■ RECORDS FOR THIS TASK
Content starts

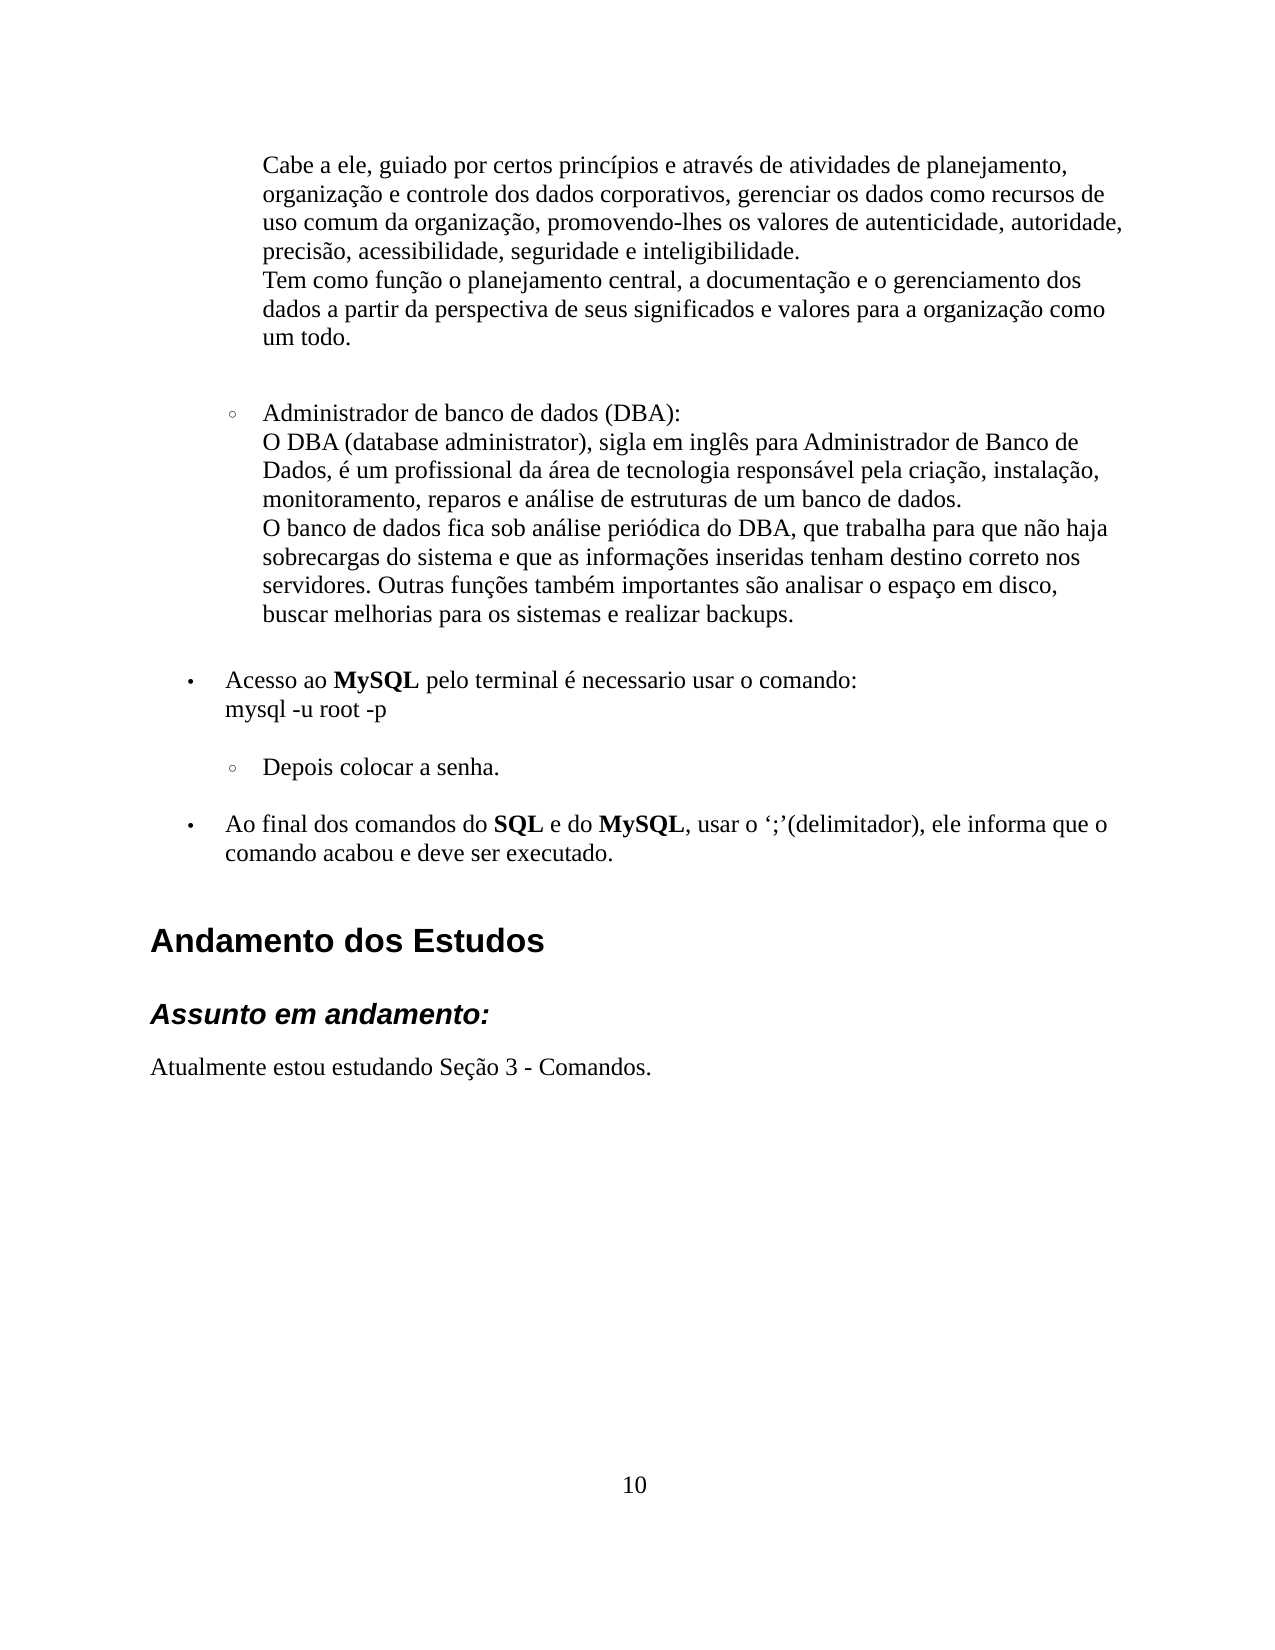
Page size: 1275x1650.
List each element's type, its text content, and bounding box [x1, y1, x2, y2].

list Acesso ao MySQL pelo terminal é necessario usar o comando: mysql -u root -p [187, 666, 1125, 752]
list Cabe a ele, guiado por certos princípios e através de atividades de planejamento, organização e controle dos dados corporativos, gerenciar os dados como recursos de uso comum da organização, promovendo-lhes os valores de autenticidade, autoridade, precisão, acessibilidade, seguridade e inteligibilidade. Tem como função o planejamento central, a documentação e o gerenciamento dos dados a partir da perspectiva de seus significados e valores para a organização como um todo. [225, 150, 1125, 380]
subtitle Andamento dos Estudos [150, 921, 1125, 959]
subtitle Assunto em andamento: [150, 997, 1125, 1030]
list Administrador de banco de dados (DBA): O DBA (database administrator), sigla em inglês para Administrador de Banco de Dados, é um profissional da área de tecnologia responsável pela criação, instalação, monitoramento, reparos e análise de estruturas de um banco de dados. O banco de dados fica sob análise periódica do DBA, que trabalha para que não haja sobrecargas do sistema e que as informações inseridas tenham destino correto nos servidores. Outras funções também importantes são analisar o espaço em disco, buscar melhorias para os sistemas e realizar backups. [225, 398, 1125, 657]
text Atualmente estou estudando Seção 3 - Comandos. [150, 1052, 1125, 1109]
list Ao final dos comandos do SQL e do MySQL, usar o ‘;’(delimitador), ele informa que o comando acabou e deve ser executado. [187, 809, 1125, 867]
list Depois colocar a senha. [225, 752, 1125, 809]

Content ends
Content starts

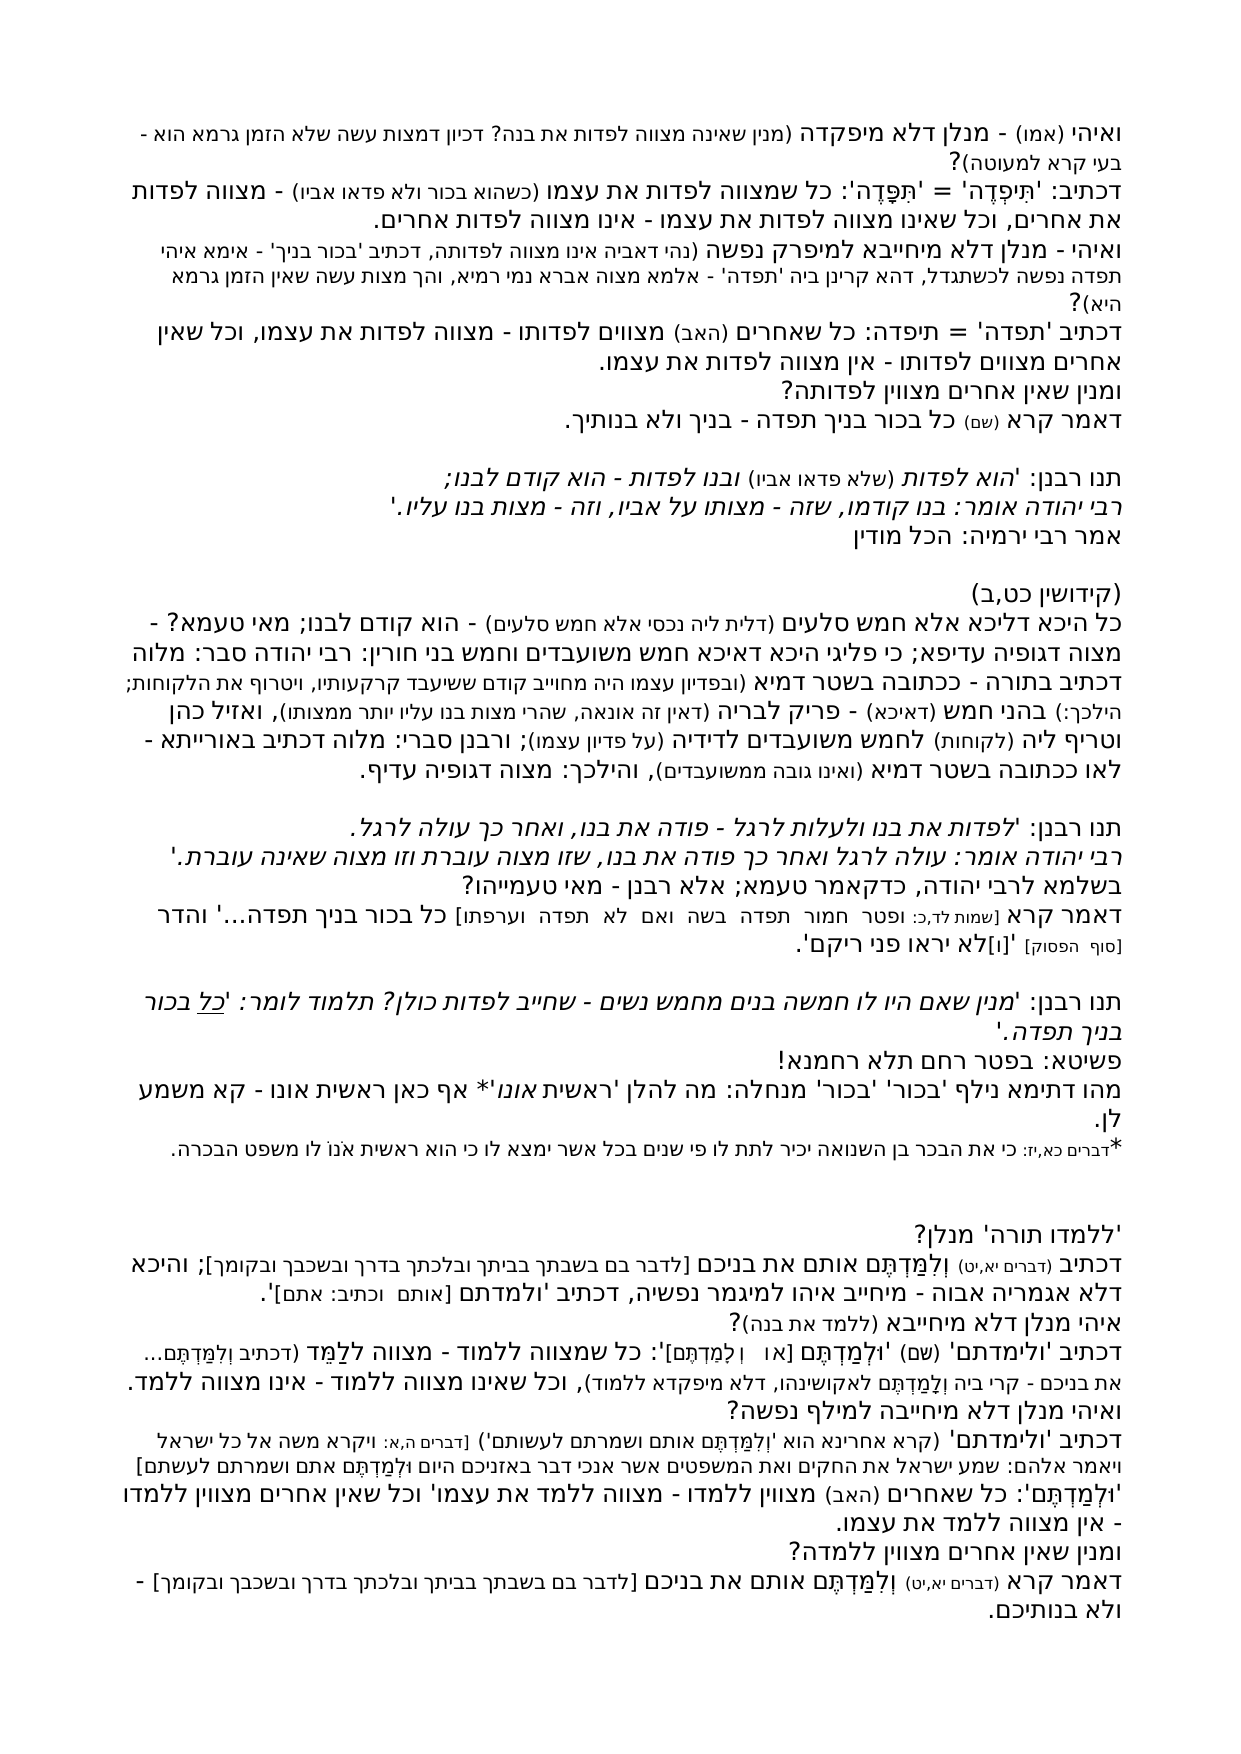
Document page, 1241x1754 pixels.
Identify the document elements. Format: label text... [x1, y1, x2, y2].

Content ends

■ TASK
Give back, word for word, only the lines above from the line holding "Document page, 1241x1754 pixels." to the line holding "Identify the document", both included.

■ YOUR RESPONSE
Document page, 1241x1754 pixels.
Identify the document elements. Format: label text... [x1, y1, x2, y2].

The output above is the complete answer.